Rainbow Trout Red Blood Cells Exposed to Viral Hemorrhagic Septicemia Virus Up-Regulate Antigen-Processing Mechanisms and MHC I&II, CD86, and CD83 Antigen-presenting Cell Markers.

机构信息

Instituto de Investigación, Desarrollo e Innovación en Biotecnología Sanitaria de Elche (IDiBE) and Instituto de Biología Molecular y Celular (IBMC), Universidad Miguel Hernández (UMH), 03202 Elche, Spain.

Instituto de Biología, Pontificia Universidad Católica de Valparaiso, 2373223 Valparaiso, Chile.

出版信息

Cells. 2019 Apr 27;8(5):386. doi: 10.3390/cells8050386.

DOI:10.3390/cells8050386
PMID:31035565
原文链接:https://pmc.ncbi.nlm.nih.gov/articles/PMC6562805/
Abstract

Nucleated teleost red blood cells (RBCs) are known to express molecules from the major histocompatibility complex and peptide-generating processes such as autophagy and proteasomes, but the role of RBCs in antigen presentation of viruses have not been studied yet. In this study, RBCs exposed ex vivo to viral hemorrhagic septicemia virus (VHSV) were evaluated by means of transcriptomic and proteomic approaches. Genes and proteins related to antigen presentation molecules, proteasome degradation, and autophagy were up-regulated. VHSV induced accumulation of ubiquitinated proteins in ex vivo VHSV-exposed RBCs and showed at the same time a decrease of proteasome activity. Furthermore, induction of autophagy was detected by evaluating LC3 protein levels. Sequestosome-1/p62 underwent degradation early after VHSV exposure, and it may be a link between ubiquitination and autophagy activation. Inhibition of autophagosome degradation with niclosamide resulted in intracellular detection of N protein of VHSV (NVHSV) and p62 accumulation.

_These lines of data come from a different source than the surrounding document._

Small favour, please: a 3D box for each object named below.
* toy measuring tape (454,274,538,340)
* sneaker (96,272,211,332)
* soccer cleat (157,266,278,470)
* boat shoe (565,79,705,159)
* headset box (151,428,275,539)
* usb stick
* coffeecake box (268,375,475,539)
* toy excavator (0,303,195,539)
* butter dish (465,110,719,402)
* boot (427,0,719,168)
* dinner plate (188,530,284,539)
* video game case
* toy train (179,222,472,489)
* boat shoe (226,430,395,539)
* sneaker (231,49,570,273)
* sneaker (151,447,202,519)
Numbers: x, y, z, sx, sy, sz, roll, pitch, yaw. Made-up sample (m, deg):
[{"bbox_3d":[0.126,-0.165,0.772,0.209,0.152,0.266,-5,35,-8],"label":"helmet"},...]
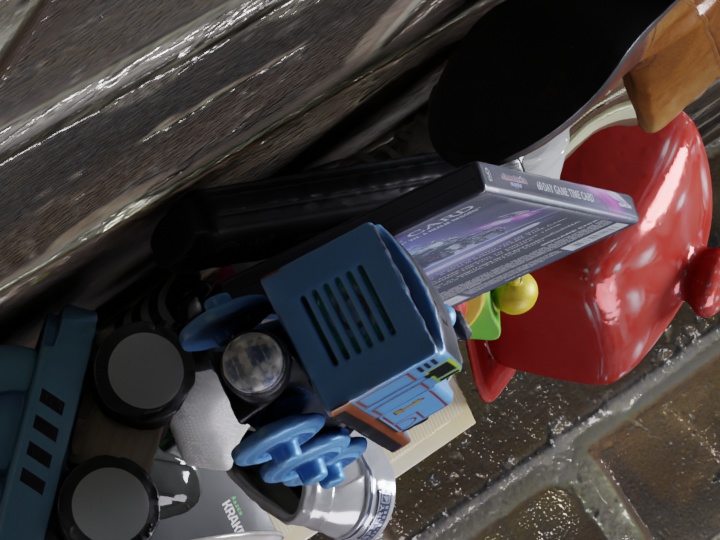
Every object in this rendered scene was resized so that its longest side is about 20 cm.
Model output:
[{"bbox_3d":[0.000,0.000,1.483,0.199,0.074,0.074,3,173,-2],"label":"toy measuring tape"},{"bbox_3d":[-0.117,0.063,1.472,0.115,0.076,0.201,-32,173,-13],"label":"sneaker"},{"bbox_3d":[-0.047,0.031,1.406,0.070,0.087,0.200,8,-149,29],"label":"soccer cleat"},{"bbox_3d":[0.103,-0.106,1.498,0.202,0.075,0.075,-28,141,-18],"label":"boat shoe"},{"bbox_3d":[-0.127,0.182,1.641,0.093,0.175,0.200,-32,-162,-32],"label":"headset box"},{"bbox_3d":[-0.007,-0.030,1.270,0.199,0.033,0.055,-11,164,-36],"label":"usb stick"},{"bbox_3d":[-0.045,0.086,1.719,0.153,0.073,0.200,-33,-155,-18],"label":"coffeecake box"},{"bbox_3d":[-0.194,0.100,1.235,0.100,0.199,0.195,127,-22,-73],"label":"toy excavator"},{"bbox_3d":[0.156,-0.017,1.603,0.200,0.147,0.200,-55,154,-24],"label":"butter dish"},{"bbox_3d":[0.123,-0.106,1.319,0.189,0.068,0.200,-53,163,0],"label":"boot"},{"bbox_3d":[-0.129,0.155,1.235,0.199,0.024,0.200,-15,169,-3],"label":"dinner plate"},{"bbox_3d":[0.039,-0.010,1.309,0.142,0.019,0.200,-25,166,23],"label":"video game case"},{"bbox_3d":[-0.008,0.044,1.239,0.114,0.087,0.200,-27,167,5],"label":"toy train"},{"bbox_3d":[-0.054,0.079,1.454,0.065,0.200,0.074,11,105,-36],"label":"boat shoe"},{"bbox_3d":[0.026,-0.062,1.365,0.199,0.074,0.116,-20,148,-28],"label":"sneaker"},{"bbox_3d":[-0.176,0.139,1.374,0.199,0.080,0.075,-9,158,-11],"label":"sneaker"}]
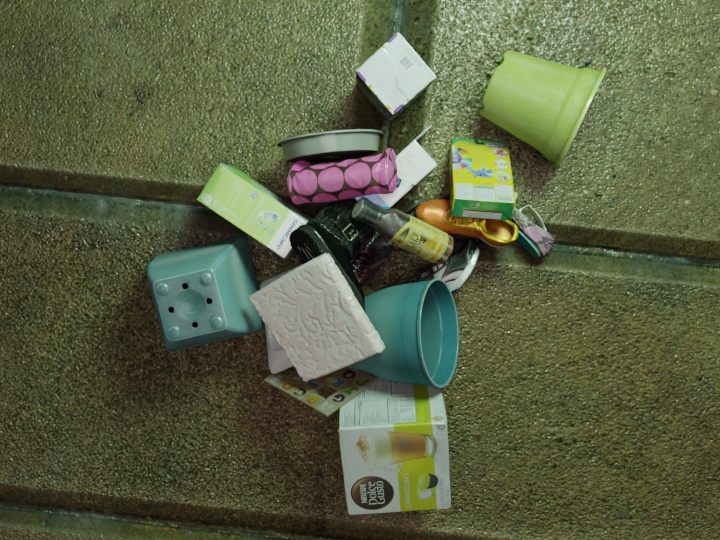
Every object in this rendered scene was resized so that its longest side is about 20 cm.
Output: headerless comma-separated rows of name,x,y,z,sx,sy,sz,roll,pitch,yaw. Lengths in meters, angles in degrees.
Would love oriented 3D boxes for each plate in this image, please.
plate,-0.117,0.074,1.529,0.200,0.032,0.200,-25,60,28

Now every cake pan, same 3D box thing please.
cake pan,-0.055,-0.230,1.494,0.200,0.200,0.037,-6,93,2

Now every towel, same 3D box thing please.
towel,-0.078,0.089,1.429,0.191,0.032,0.200,-26,101,31

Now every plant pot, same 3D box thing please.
plant pot,0.064,0.121,1.502,0.188,0.200,0.200,-4,97,26
plant pot,0.332,-0.319,1.497,0.184,0.200,0.201,27,96,9
plant pot,-0.305,0.054,1.531,0.196,0.200,0.196,-13,96,3

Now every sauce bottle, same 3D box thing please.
sauce bottle,0.077,-0.074,1.477,0.200,0.066,0.066,23,96,-20

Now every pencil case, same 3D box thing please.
pencil case,-0.031,-0.173,1.455,0.200,0.091,0.094,-4,53,15

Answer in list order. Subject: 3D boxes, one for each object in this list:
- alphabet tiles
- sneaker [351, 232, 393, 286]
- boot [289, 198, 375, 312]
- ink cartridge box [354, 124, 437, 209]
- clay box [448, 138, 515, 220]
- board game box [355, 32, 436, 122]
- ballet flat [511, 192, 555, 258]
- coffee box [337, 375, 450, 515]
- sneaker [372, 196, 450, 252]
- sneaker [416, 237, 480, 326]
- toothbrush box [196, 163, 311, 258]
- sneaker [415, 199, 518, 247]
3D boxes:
alphabet tiles,-0.081,0.200,1.547,0.200,0.167,0.008,22,127,35
sneaker,0.000,0.000,1.561,0.076,0.116,0.200,36,96,-3
boot,-0.024,-0.026,1.470,0.079,0.158,0.211,-20,104,42
ink cartridge box,0.081,-0.186,1.539,0.200,0.116,0.067,-42,93,5
clay box,0.229,-0.179,1.526,0.115,0.200,0.048,5,133,1
board game box,0.061,-0.352,1.479,0.103,0.200,0.105,-41,95,5
ballet flat,0.303,-0.110,1.574,0.200,0.069,0.071,40,78,-6
coffee box,0.063,0.321,1.527,0.197,0.200,0.200,-4,115,2
sneaker,0.109,-0.095,1.564,0.200,0.066,0.091,-16,85,-17
sneaker,0.157,0.012,1.578,0.086,0.080,0.200,36,95,-1
toothbrush box,-0.197,-0.116,1.538,0.200,0.146,0.086,35,95,-2
sneaker,0.204,-0.098,1.513,0.200,0.077,0.073,12,79,-1

In addition, antigen presentation cell markers, such as major histocompatibility complex (MHC) class I & II, CD83, and CD86, increased at the transcriptional and translational level in rainbow trout RBCs exposed to VHSV. In summary, we show that nucleated rainbow trout RBCs can degrade VHSV while displaying an antigen-presenting cell (APC)-like profile.

摘要

已分化的硬骨鱼类红细胞(RBC)已知表达主要组织相容性复合体分子和肽生成过程相关分子,如自噬和蛋白酶体,但 RBC 在病毒抗原呈递中的作用尚未被研究。在这项研究中,通过转录组学和蛋白质组学方法评估了体外暴露于病毒性出血性败血症病毒(VHSV)的 RBC。与抗原呈递分子、蛋白酶体降解和自噬相关的基因和蛋白被上调。VHSV 诱导体外 VHSV 暴露 RBC 中泛素化蛋白的积累,并同时显示蛋白酶体活性降低。此外,通过评估 LC3 蛋白水平检测到自噬的诱导。VHSV 暴露后早期,自噬体降解的衔接蛋白-1/ p62 发生降解,它可能是泛素化和自噬激活之间的联系。用尼克酰胺抑制自噬体降解导致细胞内检测到 VHSV 的 N 蛋白(NVHSV)和 p62 积累。此外,在暴露于 VHSV 的虹鳟 RBC 中,主要组织相容性复合体(MHC)I 类和 II 类、CD83 和 CD86 等抗原呈递细胞标志物在转录和翻译水平上增加。总之,我们表明有核虹鳟 RBC 可以在降解 VHSV 的同时表现出抗原呈递细胞(APC)样特征。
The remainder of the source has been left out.